Tuesday, June 27, 2017

HR 2922 Introduced – PREPARE Act

Earlier this month Rep. Donovan (R,NY) introduced HR 2922, the Promoting Resilience and Efficiency in Preparing for Attacks and Responding to Emergencies (Prepare) Act. The bill authorizes and modifies a number of DHS emergency planning, preparation and training programs.

Readers of this blog will probably be most interested in the following sections of the bill:

• §106. Allowable uses.
• §114. Port security grant program.
• §120. Cyber preparedness.
• §302. Medical Countermeasures Program.

Allowable Uses

Section 106 amends 6 USC 609 adding two new uses of funds to a number grant programs for States and high-risk urban areas. The two new uses are {new §609(a)(6) and (7)}:

Enhancing medical preparedness, medical surge capacity, and mass prophylaxis capabilities, including the development and maintenance of an initial pharmaceutical stockpile, including medical kits and diagnostics sufficient to protect first responders, their families, immediate victims, and vulnerable populations from a chemical or biological event;

Enhancing cybersecurity, including preparing for and responding to cybersecurity risks and incidents (as such terms are defined in section 227 [6 USC 148(1) and (3]) and developing statewide cyber threat information analysis and dissemination activities;

Port Security Program

Section 114 authorizes the port security grant program under 46 USC 70107. The section would authorize $200 Million dollars per year for the grants through 2022.

Cyber preparedness

Section 120 amends 6 USC 124h making cybersecurity additions to the support requirements set upon DHS for State, local and regional fusion centers. It requires DHS to provide fusion centers {new §124h(b)(10)}:

“…with expertise on Department resources and operations, including, in coordination with the national cybersecurity and communications integration center [(NCCIC)] under section 227 [6 USC 148], access to timely technical assistance, risk management support, and incident response capabilities with respect to cyber threat indicators, defensive measures, cybersecurity risks, and incidents (as such terms are defined in such section), which may include attribution, mitigation, and remediation, and the provision of information and recommendations on security and resilience, including implications of cybersecurity risks to equipment and technology related to the electoral process;”

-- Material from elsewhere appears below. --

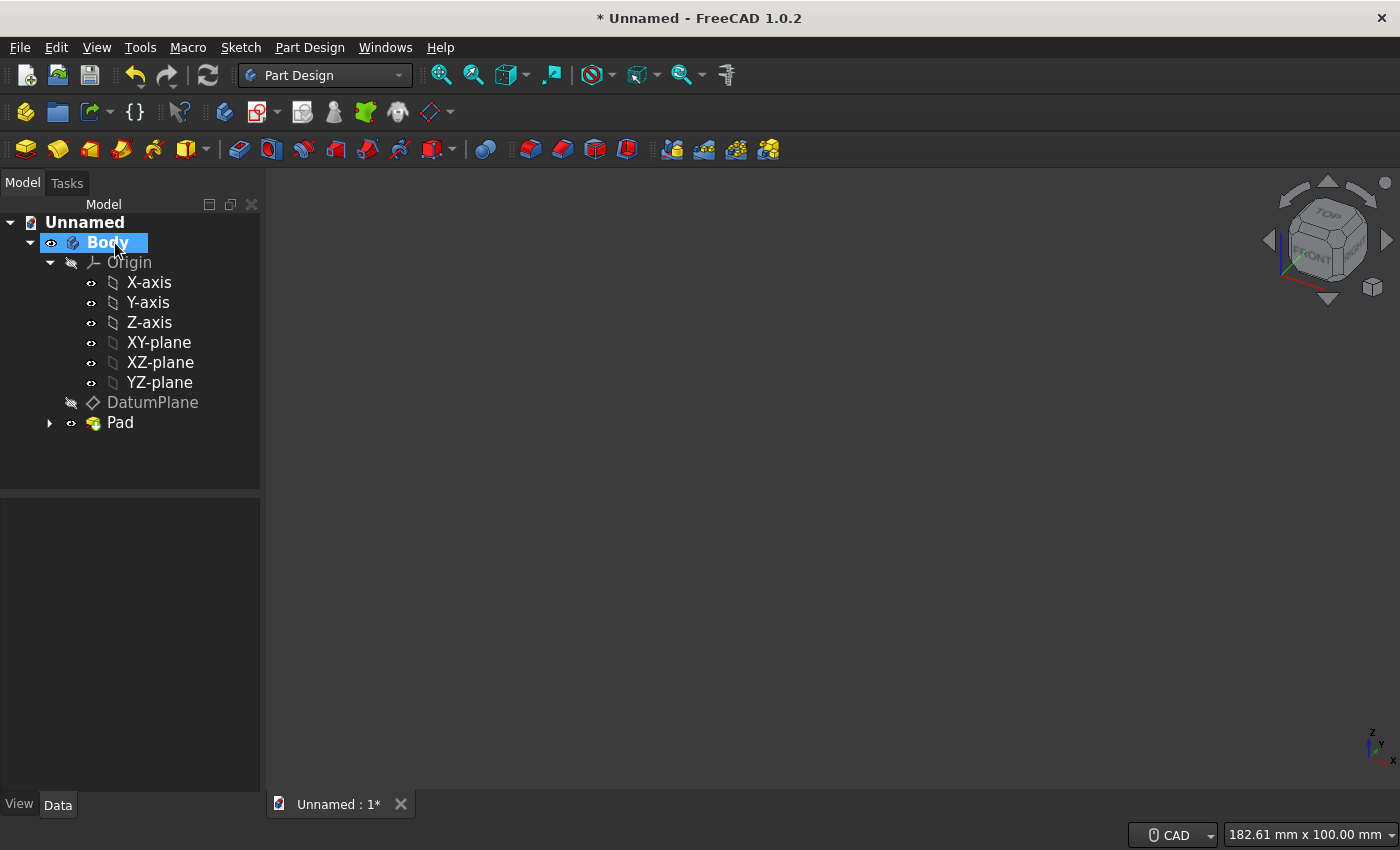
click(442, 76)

It would also require the DHS NCCIC to review cybersecurity information developed by fusion centers, incorporate that information (where appropriate) into NCCIC information shared with fusion centers and other government agencies. It also adds the NCCIC as a potential personnel resource for fusion centers.

Medical Countermeasures Program

Section 302 adds a new §528 to the Homeland Security Act of 2002 that would add a requirement for DHS to {new §528(a)}:

“… establish a medical countermeasures program to facilitate personnel readiness, and protection for the Department’s employees and working animals and individuals in the Department’s care and custody, in the event of a chemical, biological, radiological, nuclear, or explosives attack, naturally occurring disease outbreak, or pandemic, and to support Department mission continuity.”

Moving Forward

Donovan is the Chair of the Emergency Preparedness, Response, and Communications Subcommittee of the House Homeland Security Committee; one of the three committees to which this bill was referred for consideration. Neither Donovan nor this three cosponsors are members of the other two committees (Transportation and Infrastructure Committee and Energy and Commerce Committee). This bill will certainly be considered in the Homeland Security Committee in the near future.

The bill does not currently have any Democratic cosponsors. This would seem to indicate that there is some opposition to at least some of current provisions (or missing provisions) of the bill. We will have to watch the markup of this bill to see how much bipartisan support there is for the bill. Bipartisan support is not really necessary in the House, but for the bill to make it to the floor of the Senate there cannot be serious Democratic opposition to the bill.


The cybersecurity provisions of this bill all refer to 6 USC 148 with its IT-centric definitions of cybersecurity. Again, this would restrict the grant programs and fusion center support provisions limited to information system security, ignoring potential risks to critical infrastructure from attacks on industrial control systems (ICS) or the energy systems in this country.

Fortunately, the bill does include some modifications to definitions in §148, so it could be possible to clear up the multiple areas where we see similar problems with ignoring the ICS cybersecurity threat. The definition of ‘information system’ could be changed from its current reference to 44 USC 3502(8) to 6 USC 1501(9).

The medical countermeasures program is certainly important to providing support to DHS. I am glad to see that it specifically includes language about chemical incidents instead of just biological and radiological incidents; just see my post about the use of Cyanokits in response to an acrylonitrile spill. It would be nice to see some language in this authorization bill requiring the managers of the program to coordinate with local agencies when such countermeasures are not required by the Department, but could provide support to communities.